Si vous n'ajoutez rien, ou pas assez vite, l'intermédiaire ferme lui-même tout ou partie des positions. Cette fermeture forcée se fait au prix du moment, souvent le plus défavorable, puisqu'elle intervient précisément quand le marché a bougé contre vous.
| Terme | En une phrase | Effet sur votre argent |
|---|---|---|
| Levier | Agir sur plus que le dépôt | Amplifie perte et gain |
| Lot | Unité de taille d'un ordre | Fixe la part du compte engagée |
| Glissement | Prix obtenu différent du prix visé | Coût discret et répété |
| Sur-optimisation | Règles taillées pour le passé | Résultats non reproductibles |
| Appel de marge | Demande de fonds supplémentaires | Fermeture forcée si refus |
Notez le lien entre les cinq. Un levier élevé rend l'appel de marge probable ; une taille de lot mal calibrée l'accélère ; le glissement dégrade le prix de la fermeture forcée.

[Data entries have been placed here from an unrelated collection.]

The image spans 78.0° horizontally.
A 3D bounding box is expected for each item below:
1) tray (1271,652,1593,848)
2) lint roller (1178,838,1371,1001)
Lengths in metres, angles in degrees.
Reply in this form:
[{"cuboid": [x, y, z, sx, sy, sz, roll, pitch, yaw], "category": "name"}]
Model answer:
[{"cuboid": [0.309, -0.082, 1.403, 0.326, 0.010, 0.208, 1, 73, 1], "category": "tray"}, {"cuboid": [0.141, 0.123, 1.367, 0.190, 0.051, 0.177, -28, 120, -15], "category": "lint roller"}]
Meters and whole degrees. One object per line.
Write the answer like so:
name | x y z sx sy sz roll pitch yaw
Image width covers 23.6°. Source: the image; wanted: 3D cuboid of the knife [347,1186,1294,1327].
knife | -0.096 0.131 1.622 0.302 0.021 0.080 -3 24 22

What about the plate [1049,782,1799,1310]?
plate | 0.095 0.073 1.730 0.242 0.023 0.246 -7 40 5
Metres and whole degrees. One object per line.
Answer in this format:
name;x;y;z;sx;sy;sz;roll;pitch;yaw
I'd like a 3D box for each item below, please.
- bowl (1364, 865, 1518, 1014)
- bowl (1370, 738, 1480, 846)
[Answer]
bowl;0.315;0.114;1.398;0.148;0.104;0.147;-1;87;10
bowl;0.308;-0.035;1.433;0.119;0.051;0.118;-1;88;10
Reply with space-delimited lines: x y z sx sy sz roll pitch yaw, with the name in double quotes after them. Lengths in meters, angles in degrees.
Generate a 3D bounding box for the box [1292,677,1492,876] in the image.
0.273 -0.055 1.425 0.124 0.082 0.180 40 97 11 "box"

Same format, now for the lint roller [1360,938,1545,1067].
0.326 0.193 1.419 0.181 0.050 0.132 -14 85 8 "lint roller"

Quels autres termes reviennent sans être essentiels ?
Trois familles de mots occupent beaucoup de place dans les présentations sans rien vous apprendre sur votre exposition.
Les noms de méthodes d'analyse, d'abord. Moyennes mobiles, oscillateurs, croisements de courbes : ce sont des outils de détection internes. Savoir lequel est utilisé ne vous dit ni combien vous engagez, ni ce que vous pouvez perdre.
Les qualificatifs de performance ensuite. Un programme décrit comme performant, robuste ou éprouvé n'apporte aucune information vérifiable. Ces adjectifs ne se mesurent pas et n'engagent personne.
Les références à l'intelligence artificielle enfin. Le terme couvre des réalités très différentes, d'un simple filtre statistique à un modèle complexe. Employé sans précision, il sert d'argument commercial. La distinction entre usage réel et argument marketing est traitée dans intelligence artificielle : usage réel ou argument marketing.
La règle pratique est simple. Si un mot ne se traduit pas en euros ou en pourcentage de votre compte, il est décoratif.
Comment utiliser ces cinq mots face à une offre ?
Transformez-les en cinq questions écrites, posées avant tout engagement.
Quel est le levier maximal réellement utilisé par le programme ? Quelle taille de position moyenne, rapportée à mon solde ? Le glissement est-il intégré aux résultats présentés ? Combien de paramètres sont réglables ? Que se passe-t-il précisément en cas d'appel de marge, et qui me prévient ?
Une offre sérieuse répond aux cinq sans détour. Une réponse évasive sur l'une d'elles suffit à justifier un refus.
Ce filtre s'ajoute utilement aux points de vérification rassemblés dans robot de trading : les 3 questions à poser, et à la comparaison plus large présentée dans trading automatisé ou humain : comment choisir.
Aucun de ces cinq mots ne dit si un programme est bon. Ils disent tous quelque chose sur ce que vous risquez, ce qui est une information plus utile.
Ce qu'il faut retenir
- Le levier amplifie les deux sens : avec un levier de 20, une variation défavorable de 5 % efface un dépôt de 500 €.
- Le lot fixe la taille minimale d'une opération, donc la part de compte engagée d'un coup.
- Le glissement crée un écart répété entre le prix visé et le prix obtenu, absent des simulations.
- La sur-optimisation produit des résultats passés brillants et non reproductibles.
- L'appel de marge peut déclencher une fermeture forcée au plus mauvais moment ; demandez la procédure exacte avant de signer.